How to programmatically crawl through Wiktionary(Wiki-dictionary) pages?

V

Vetal Matitskiy2015-05-28 08:50:35

Java

Vetal Matitskiy, 2015-05-28 08:50:35

Good afternoon, dear development gurus,
I'm trying to get a list of necessary words from en.wiktionary.org using the Jaunt engine ( http://jaunt-api.com)
wrote the first version of the application that runs through part of the pages, but then we fall with an error,
the main algorithm is simple to the point of banality: I go to the start page, pull out a link to the next page from it, go to the next page, and so on.
I don't know why, but the resulting link becomes longer each time, and apparently at a certain step they become so long that they stop being processed. although when manually traversing the pages, the links have a normal length.
Is it possible to prevent link swelling?
examples of links that can be pulled out

next page: en.wiktionary.org/w/index.php?title=Category:Engli...
next page: en.wiktionary.org/w/index.php?title=Category:Engli...
next page: en .wiktionary.org/w/index.php?title=Category:English...
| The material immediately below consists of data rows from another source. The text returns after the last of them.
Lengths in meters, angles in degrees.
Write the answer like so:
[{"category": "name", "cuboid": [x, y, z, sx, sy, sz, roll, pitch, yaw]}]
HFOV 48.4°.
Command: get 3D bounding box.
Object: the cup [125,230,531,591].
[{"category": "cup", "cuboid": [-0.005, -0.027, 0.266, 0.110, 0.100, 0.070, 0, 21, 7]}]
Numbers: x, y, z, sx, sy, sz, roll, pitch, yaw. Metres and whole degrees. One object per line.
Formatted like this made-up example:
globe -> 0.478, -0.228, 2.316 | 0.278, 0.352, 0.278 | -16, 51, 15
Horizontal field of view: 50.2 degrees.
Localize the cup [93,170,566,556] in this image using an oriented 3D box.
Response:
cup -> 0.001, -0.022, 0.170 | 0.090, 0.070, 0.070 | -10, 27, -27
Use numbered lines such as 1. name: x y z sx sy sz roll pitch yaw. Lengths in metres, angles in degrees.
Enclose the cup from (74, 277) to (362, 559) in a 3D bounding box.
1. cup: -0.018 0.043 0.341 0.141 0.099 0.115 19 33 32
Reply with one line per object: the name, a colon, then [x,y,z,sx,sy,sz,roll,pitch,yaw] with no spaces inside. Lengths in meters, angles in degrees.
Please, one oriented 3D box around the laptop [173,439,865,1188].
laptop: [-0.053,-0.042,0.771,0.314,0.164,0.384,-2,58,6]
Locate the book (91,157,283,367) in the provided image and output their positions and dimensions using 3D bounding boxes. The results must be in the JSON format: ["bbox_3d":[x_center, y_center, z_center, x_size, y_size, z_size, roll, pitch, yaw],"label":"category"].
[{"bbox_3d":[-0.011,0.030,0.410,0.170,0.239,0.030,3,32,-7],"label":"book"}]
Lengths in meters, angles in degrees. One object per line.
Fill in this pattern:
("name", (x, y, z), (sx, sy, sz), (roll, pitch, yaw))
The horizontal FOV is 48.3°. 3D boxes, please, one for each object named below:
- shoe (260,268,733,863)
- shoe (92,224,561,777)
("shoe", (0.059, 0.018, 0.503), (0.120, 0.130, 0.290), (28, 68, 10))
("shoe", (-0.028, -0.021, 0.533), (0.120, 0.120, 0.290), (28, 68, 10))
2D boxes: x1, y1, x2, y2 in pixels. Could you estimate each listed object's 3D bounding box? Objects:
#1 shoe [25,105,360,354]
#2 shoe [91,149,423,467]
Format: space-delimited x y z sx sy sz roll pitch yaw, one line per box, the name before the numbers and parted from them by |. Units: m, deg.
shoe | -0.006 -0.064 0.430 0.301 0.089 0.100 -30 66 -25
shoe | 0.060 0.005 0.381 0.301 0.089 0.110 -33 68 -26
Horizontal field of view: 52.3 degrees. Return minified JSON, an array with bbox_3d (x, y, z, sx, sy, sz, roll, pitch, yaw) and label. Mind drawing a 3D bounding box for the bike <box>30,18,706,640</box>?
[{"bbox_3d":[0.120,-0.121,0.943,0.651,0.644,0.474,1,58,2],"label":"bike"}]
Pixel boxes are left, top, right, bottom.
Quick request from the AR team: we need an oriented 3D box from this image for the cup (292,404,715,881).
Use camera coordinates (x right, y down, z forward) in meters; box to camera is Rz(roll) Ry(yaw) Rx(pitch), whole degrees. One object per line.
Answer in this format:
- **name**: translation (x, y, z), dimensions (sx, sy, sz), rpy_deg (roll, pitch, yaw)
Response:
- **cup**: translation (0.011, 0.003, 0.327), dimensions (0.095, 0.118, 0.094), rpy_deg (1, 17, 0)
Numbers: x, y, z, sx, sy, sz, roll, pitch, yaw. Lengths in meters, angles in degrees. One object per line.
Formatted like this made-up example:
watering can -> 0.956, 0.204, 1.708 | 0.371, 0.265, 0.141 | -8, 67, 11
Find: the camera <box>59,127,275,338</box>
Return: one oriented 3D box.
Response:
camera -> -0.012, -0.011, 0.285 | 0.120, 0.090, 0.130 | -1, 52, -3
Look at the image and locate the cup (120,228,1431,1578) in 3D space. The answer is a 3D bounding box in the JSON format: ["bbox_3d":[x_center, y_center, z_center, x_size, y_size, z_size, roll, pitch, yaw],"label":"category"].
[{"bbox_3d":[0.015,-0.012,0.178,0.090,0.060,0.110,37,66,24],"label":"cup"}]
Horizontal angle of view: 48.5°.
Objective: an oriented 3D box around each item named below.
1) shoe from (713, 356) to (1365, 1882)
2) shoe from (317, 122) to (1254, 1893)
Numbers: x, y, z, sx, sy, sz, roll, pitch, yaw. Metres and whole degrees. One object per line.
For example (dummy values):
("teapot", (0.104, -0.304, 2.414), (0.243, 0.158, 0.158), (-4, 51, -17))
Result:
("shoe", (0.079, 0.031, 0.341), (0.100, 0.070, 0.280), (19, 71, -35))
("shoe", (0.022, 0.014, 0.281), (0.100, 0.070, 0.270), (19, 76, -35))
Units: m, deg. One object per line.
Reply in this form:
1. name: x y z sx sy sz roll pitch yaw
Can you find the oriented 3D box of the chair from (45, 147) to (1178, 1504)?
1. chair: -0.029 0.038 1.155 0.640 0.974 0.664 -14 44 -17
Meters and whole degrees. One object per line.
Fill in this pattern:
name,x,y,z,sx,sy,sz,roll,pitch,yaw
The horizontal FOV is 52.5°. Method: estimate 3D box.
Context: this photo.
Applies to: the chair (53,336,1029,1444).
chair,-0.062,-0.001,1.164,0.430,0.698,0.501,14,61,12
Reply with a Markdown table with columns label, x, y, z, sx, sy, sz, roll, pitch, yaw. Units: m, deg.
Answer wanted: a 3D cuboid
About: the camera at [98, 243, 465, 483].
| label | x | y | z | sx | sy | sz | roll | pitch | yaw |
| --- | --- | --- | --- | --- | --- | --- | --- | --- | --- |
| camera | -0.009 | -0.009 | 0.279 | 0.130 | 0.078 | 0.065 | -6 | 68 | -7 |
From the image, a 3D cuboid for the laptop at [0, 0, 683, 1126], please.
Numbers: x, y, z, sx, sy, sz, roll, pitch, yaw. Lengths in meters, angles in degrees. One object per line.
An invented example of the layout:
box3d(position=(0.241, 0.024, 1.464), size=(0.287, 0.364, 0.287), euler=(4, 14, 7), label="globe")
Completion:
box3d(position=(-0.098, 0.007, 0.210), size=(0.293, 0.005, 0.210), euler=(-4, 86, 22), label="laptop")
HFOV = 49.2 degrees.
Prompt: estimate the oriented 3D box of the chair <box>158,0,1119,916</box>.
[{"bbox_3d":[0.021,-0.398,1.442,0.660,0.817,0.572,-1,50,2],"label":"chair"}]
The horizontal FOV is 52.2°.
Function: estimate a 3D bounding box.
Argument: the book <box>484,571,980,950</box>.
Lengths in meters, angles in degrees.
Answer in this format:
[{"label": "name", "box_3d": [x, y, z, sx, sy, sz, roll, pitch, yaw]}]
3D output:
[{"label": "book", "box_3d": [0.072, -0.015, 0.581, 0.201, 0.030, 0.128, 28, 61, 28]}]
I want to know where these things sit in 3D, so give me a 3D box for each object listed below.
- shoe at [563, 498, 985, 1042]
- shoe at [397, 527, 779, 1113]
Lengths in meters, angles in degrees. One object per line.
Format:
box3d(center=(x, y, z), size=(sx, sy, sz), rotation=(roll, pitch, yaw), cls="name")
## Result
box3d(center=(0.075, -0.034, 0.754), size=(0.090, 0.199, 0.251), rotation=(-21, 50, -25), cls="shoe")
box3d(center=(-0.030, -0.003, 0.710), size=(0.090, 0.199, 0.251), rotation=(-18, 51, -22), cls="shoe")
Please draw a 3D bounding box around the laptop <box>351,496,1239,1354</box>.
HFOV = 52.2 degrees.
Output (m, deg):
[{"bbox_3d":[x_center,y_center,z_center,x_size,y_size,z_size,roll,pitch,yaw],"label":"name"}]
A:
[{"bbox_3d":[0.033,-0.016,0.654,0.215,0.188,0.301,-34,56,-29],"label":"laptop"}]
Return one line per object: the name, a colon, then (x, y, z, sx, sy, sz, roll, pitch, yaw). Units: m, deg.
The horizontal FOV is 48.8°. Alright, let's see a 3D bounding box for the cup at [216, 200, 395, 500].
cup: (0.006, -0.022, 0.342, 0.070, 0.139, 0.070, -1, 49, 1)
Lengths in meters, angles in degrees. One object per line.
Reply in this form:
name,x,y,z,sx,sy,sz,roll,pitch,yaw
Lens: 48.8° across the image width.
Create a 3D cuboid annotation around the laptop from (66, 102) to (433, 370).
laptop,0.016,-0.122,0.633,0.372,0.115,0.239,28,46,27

the code itself looks like

import com.jaunt.*;

public class Wiksurfer {

    public static void surfPages() {
        int i = 0;
        UserAgent userAgent = new UserAgent();
        userAgent.settings.autoSaveAsHTML = true;  //change settings to autosave last visited page.
        //System.out.println("SETTINGS:\n" + userAgent.settings);   
        try {

            String href = "http://en.wiktionary.org/wiki/Category:English_uncountable_nouns";

            for (i = 0; i < 20; i++) {
                userAgent.visit(href);
                href = userAgent.doc.findFirst("<a title>next page").getAt("href");

                System.out.println("next page:" + href);
            }
        } catch (JauntException e) {
            System.err.println(e);
        } finally {
            System.out.println("final i" + i);
        }
    }

    public static void main(String[] args) {
        surfPages();
    }

}